Но особенно не терпелось ему побывать около замка и в Вольфсбрунне у фонтана — в тех местах, которые он шутя называл то своей Меккой, то Мединой, то Иерусалимом. Ведь там были сказаны слова, которые связали на всю жизнь его и Екатерину Сергеевну!
«После обеда я отправился прямо, горною дорогою,— в Мекку — в Вольфсбрунн. Дорога знакома, как свои пять пальцев; только ее расчистили, сделали шире к моему приезду. В Вольфсбрунне я нашел все в порядке, только к моему приезду успели выстроить там крытую галерею, которой прежде не было. Я сел против самого фонтана, где плавают форели. Вода в четыре струи текла из волчьих мордочек, как и прежде; текла, не прерываясь, 17 лет! Вот уж буквально можно сказать: много воды утекло с тех пор!»
«Не берусь описать всех ощущений, которые я пережил, сидя перед фонтаном и упорно глядя на бегущую воду, мерно, однообразно, без конца падавшую в бассейн, где апатично плавали глупые рыбы, в ожидании попасть сегодня же на жаркое. Господи, сколько я пережил! Какая это была смесь счастья и горечи! Долго просидел я за своей кружкой пива, наконец поднялся и пошел уверенным шагом по нижней дороге, по берегу Неккара — словом, тою дорогою, которою мы шли домой с тобою. Напрасно искал я камня, на котором мы сидели, напрасно искал той скалы перед воротами в город, где я тебя толкнул и вышиб зонтик, как сумасшедший... Неумолимая рука «прогресса» уничтожила эти святыни: проложила вдоль берега железную дорогу. До чего мне жаль было видеть эти места! Ворота Karlsthor*
оставались, как были, нетронутыми. Я раза четыре без всякой нужды прошел взад и вперед под воротами (к немалому удивлению прохожих)».

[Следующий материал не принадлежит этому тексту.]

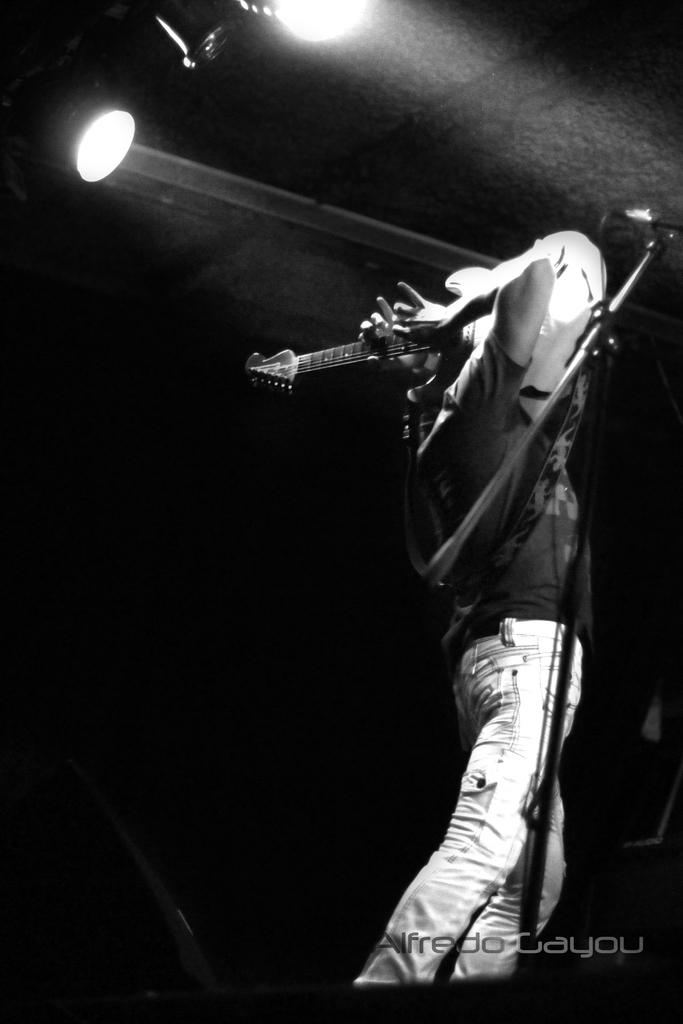What is the main subject of the image? There is a person in the image. What is the person doing in the image? The person is standing and playing a musical instrument. What can be seen in the background of the image? There are lights visible in the background of the image. What type of zipper can be seen on the person's clothing in the image? There is no zipper visible on the person's clothing in the image. Is there a beggar present in the image? There is no mention of a beggar in the image, and the main subject is a person playing a musical instrument.

Побывал Бородин и в домике Гофманов. Оказалось, что старый профессор умер. Вдова его, Софья Петровна, радушно встретила гостя.

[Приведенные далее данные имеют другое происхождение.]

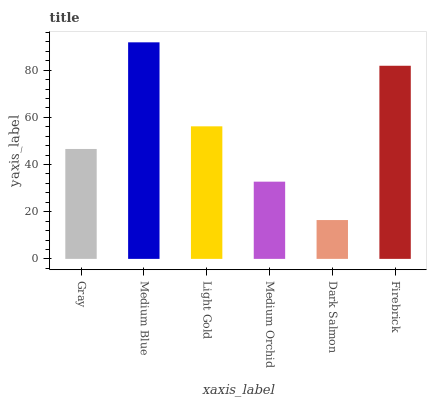Is Dark Salmon the minimum?
Answer yes or no. Yes. Is Medium Blue the maximum?
Answer yes or no. Yes. Is Light Gold the minimum?
Answer yes or no. No. Is Light Gold the maximum?
Answer yes or no. No. Is Medium Blue greater than Light Gold?
Answer yes or no. Yes. Is Light Gold less than Medium Blue?
Answer yes or no. Yes. Is Light Gold greater than Medium Blue?
Answer yes or no. No. Is Medium Blue less than Light Gold?
Answer yes or no. No. Is Light Gold the high median?
Answer yes or no. Yes. Is Gray the low median?
Answer yes or no. Yes. Is Medium Orchid the high median?
Answer yes or no. No. Is Light Gold the low median?
Answer yes or no. No.

«Я пошел в «столовую». Цела, голубушка, цела! И стол длинный цел, голубчик! И тощие «миссы» и «мистрисы» целы, точно консервы какие-нибудь сохранились... Так же чопорно и чинно кушаюг кофе».
Таким же остался и сад, в котором Александр Порфирье-вич и Екатерина Сергеевна часто сиживали на скамеечке., Только цветы поэзии и любви, как шутливо выразился Александр Порфирьевич, уступили место огурцам и капусте, которые в изобилии насажены были хозяйственной рукой Софьи Петровны.
В этом письме сочетались два разных момента жизни, разделенных промежутком более чем в полтора десятилетия.
Письмо продиктовано глубокими душевными переживаниями: в нем много чувства, но совсем нет сентиментов. Оттого-то в нем то и дело искрится юмор сквозь печаль о неповторимом прошлом.
Не все сложилось так, как им обоим мечталось в первую пору любви. Но они еще ближе стали друг другу за эти годы, которые не могли не принести с собой и седых волос, и горечи разочарования.
«Никогда еще я так далеко не уезжал от тебя, и, кажется, никогда ты мне не была так близка, как теперь».
Бородин вспоминает в своем письме только о начале их романа. Чтобы узнать, каково было продолжение, надо снова обратиться к воспоминаниям Екатерины Сергеевны, которые она незадолго до своей смерти продиктовала одному из друзей и почитателей мужа. Она уже не в силах была писать сама, но ей не хотелось, чтобы вместе с ней исчезла память о дорогих для нее событиях. Несмотря на мучительные страданья и на душевное потрясение после недавней смерти мужа, Екатерина Сергеевна сумела передать в своих воспоминаниях счастье, которым она жила в те годы.